In the listing below, how many lines contain the word "around"? Answer with the number alone.

*** Begin section ***

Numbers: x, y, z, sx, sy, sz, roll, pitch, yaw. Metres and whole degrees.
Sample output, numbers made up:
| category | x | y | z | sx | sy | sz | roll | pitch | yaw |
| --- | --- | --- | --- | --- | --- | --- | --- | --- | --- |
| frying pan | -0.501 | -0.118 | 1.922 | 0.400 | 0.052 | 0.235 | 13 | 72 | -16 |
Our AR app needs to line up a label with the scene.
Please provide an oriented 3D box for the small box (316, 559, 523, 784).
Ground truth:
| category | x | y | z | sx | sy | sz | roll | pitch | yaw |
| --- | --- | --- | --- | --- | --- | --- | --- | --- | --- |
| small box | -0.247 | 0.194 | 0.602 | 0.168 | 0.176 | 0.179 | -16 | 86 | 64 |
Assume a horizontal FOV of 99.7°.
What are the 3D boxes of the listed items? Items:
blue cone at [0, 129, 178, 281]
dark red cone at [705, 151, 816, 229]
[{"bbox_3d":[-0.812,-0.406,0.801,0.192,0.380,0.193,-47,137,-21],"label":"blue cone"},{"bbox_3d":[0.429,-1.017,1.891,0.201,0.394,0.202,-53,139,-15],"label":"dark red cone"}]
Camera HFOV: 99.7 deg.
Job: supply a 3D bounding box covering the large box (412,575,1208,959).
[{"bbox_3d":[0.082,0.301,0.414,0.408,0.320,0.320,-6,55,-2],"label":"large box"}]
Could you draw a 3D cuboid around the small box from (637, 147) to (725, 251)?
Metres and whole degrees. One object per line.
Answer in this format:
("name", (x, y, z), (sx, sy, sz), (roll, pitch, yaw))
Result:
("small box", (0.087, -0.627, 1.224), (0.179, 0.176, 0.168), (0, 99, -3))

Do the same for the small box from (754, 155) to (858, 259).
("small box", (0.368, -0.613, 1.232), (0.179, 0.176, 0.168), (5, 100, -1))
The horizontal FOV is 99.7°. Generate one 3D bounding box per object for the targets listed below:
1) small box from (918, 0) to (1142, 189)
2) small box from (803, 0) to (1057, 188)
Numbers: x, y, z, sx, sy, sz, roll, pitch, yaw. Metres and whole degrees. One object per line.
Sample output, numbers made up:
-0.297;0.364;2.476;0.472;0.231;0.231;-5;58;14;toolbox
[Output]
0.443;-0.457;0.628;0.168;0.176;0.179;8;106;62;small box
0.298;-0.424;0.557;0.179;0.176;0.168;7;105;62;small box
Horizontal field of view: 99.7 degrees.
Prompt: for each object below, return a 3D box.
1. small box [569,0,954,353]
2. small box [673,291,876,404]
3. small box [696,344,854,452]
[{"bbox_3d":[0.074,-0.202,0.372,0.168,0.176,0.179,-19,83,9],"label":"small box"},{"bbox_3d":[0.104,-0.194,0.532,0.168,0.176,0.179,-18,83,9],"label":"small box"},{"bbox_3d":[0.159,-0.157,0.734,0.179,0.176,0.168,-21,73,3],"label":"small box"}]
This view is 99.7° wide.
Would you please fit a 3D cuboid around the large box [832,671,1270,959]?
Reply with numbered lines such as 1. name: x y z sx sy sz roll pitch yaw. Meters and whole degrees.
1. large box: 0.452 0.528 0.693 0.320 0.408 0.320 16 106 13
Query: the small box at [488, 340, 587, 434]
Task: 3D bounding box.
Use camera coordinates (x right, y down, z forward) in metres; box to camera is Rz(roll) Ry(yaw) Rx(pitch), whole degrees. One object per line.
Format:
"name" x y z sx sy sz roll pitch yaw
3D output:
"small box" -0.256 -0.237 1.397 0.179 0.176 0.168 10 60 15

*** End section ***

* [SOLUTION FOR THIS EXERCISE] 2